» **AIM OF THE EXERCISE**
Which lines below fall between the one containing "title: Four Putti" and the one containing "tags: putti"? Repeat them exactly, counting both of those lines, and add nothing else.

[Stored data]
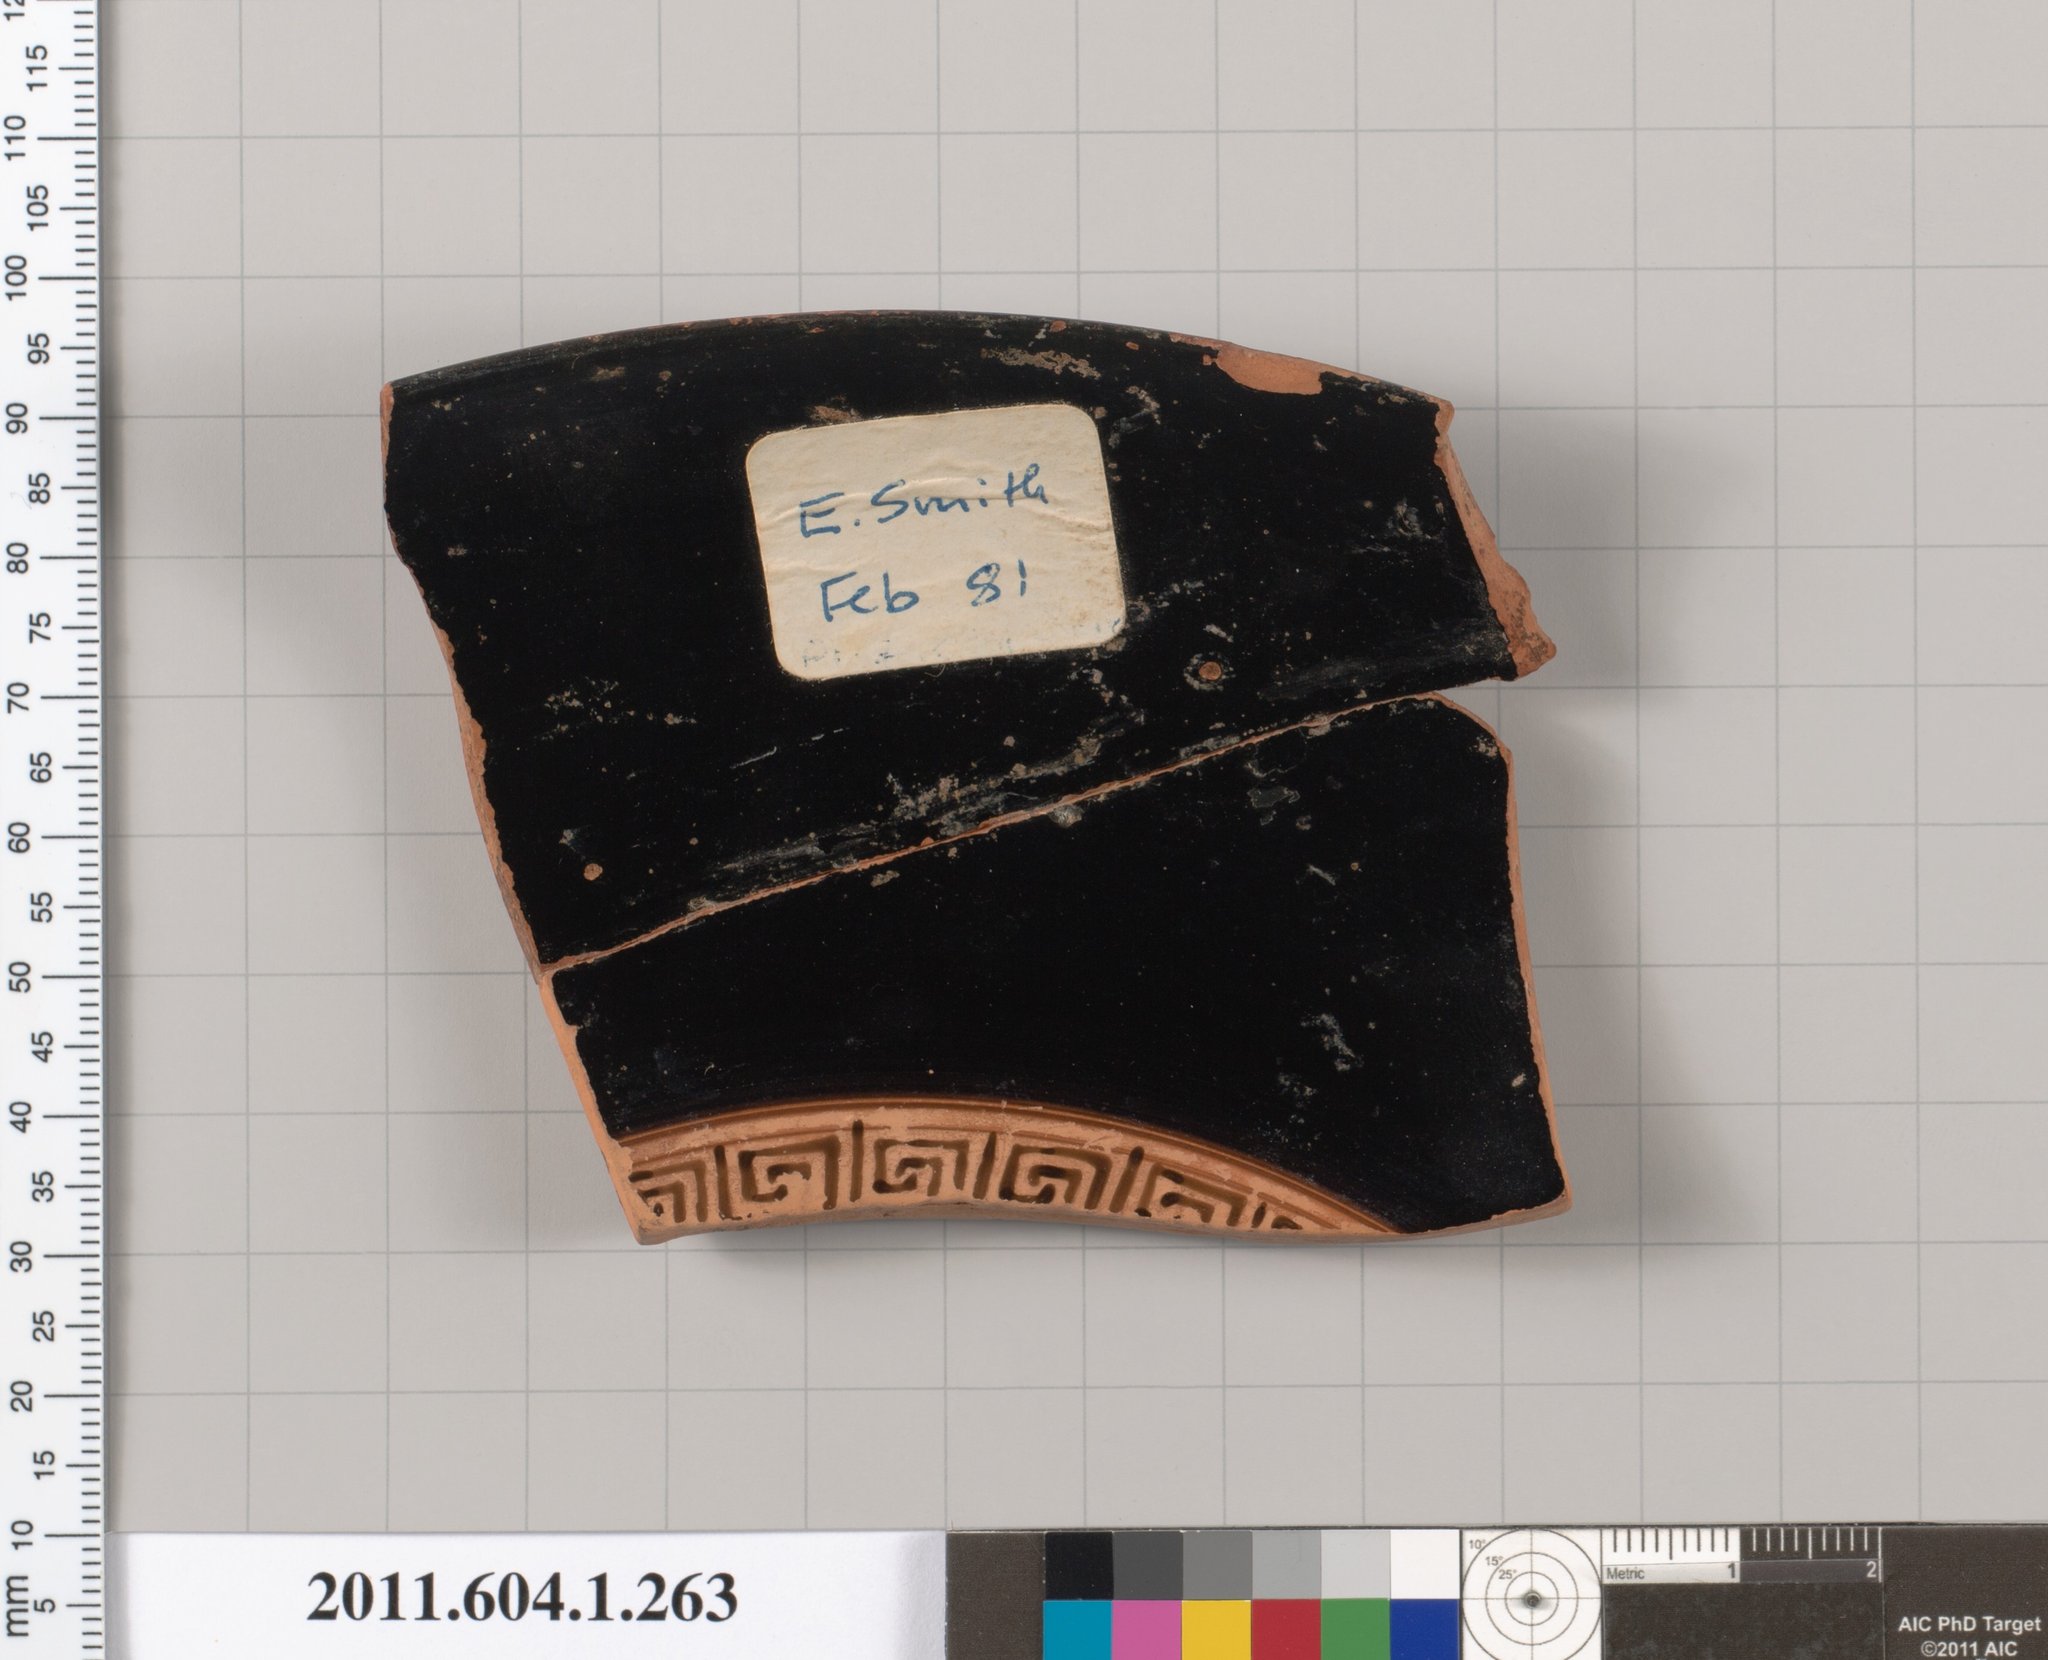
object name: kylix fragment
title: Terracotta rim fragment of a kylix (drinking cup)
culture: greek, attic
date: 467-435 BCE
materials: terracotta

==

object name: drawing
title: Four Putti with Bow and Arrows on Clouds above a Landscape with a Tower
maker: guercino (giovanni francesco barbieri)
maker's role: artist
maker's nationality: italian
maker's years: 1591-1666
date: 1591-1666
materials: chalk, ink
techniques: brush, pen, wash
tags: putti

» **RESULT OF THIS TASK**
title: Four Putti with Bow and Arrows on Clouds above a Landscape with a Tower
maker: guercino (giovanni francesco barbieri)
maker's role: artist
maker's nationality: italian
maker's years: 1591-1666
date: 1591-1666
materials: chalk, ink
techniques: brush, pen, wash
tags: putti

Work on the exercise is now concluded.